L. Randall Wray, “MMP Blog #30: What is Modern Money Theory?,” January 1, 2012.
The broader sources of Modern Monetary Theory are as follows:
(1) G. Frederick Knapp’s work (1905; 1973 [1924]);
(2) Mitchell Innes’s work (1913; 1914).
(3) Keynes;
(4) Abba Lerner’s functional finance model (1943; see also Lerner 1944; 1947; 1951);
(5) Post Keynesianism (with influence from both Keynes and MichaƂ Kalecki), and
(6) Hyman Minsky’s work (e.g., the employer of last resort idea and the financial instability hypothesis).
Economists who stand out as inventors of Modern Monetary Theory include L. Randall Wray (1998), William F. “Bill” Mitchell, and Warren Mosler.

L. Randall Wray explains the origin of MMT:
“[sc. the origin of MMT] ... goes back to PKT (Post Keynesian Thought) in the early 1990s—the first internet discussion group I ever heard of. It started off with all the stars of heterodox economics—Paul Davidson, Herb Gintis, Michael Perelman, Ed Nell; even Hyman Minsky contributed a post or two. And then there was ... Bill Mitchell ... He had little tolerance for Keynes but otherwise I found myself agreeing with him more often than with anyone else. On Kalecki, on Marx, on fiscal policy, and especially against the Austrians that were slowly but surely killing PKT.

And one other guy stood out—a hedge fund manager named Warren Mosler who was continually pushing two things. First there was something he called soft currency economics. It sounded to me like good old Keynesian economics from the Treatise on Money, which followed Knapp’s state theory of money. ....

What Warren also added was a much deeper understanding of bank reserves and treasury bonds. I came at this from the PK endogenous money, horizontal reserves view of Basil Moore. There’s nothing seriously wrong with that, but it never understood why a sovereign government would sell bonds. Warren explained bond sales as a reserve drain, and lightbulbs went off. Exactly right: government sells bonds to hit the overnight interest rate target. I think it was Mat Forstater who brought the final piece of the puzzle: Lerner’s functional finance approach.”

Wray, L. R. 2011. “MMT: A Doubly Retrospective Analysis,” December 11.
By 1995, Warren Mosler called his theory “soft currency economics.” I quote Warren Mosler:
“The origin of MMT is ‘Soft Currency Economics’ .... I had never read or even heard of Lerner, Knapp, [Innes], Chartalism, and only knew Keynes by reading his quotes published by others. I ‘created’ what became know as ‘MMT’ entirely independently of prior economic thought.
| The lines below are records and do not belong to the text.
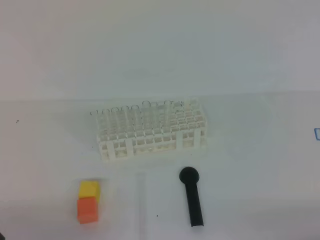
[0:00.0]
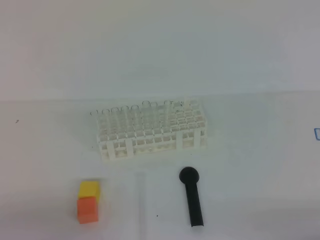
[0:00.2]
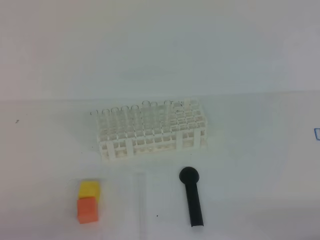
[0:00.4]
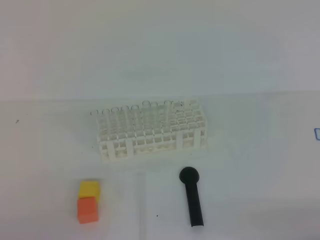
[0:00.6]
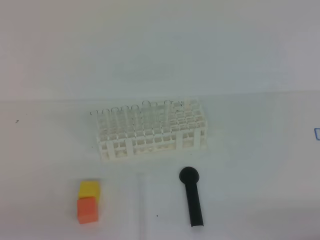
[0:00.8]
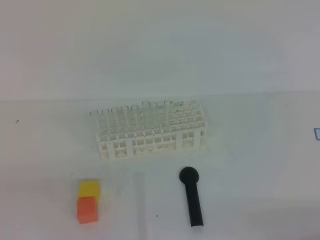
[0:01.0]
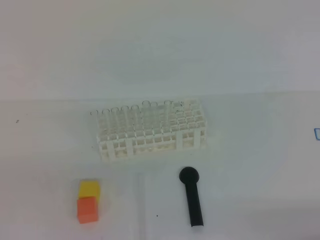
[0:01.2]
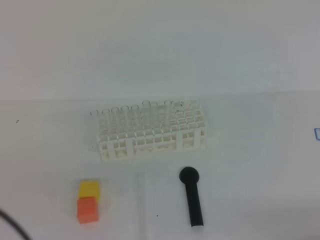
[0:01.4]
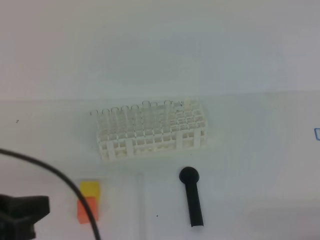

It came from my direct experience in actual monetary operations ... .”
http://mmtwiki.org/wiki/History_of_MMT
Mosler, as I understand it, has a connection with Paul Davidson (see also this interview for Mosler’s passing remarks about Charles Goodhart and the LSE). One of Mosler’s early publications was published in the Journal of Post Keynesian Economics (Mosler 1997-1998: 167-182).

Chartalism clearly was an important influence on other Modern Monetary Theory economists, but MMT, as it now exists, goes well beyond the original theories of Knapp or Mitchell-Innes.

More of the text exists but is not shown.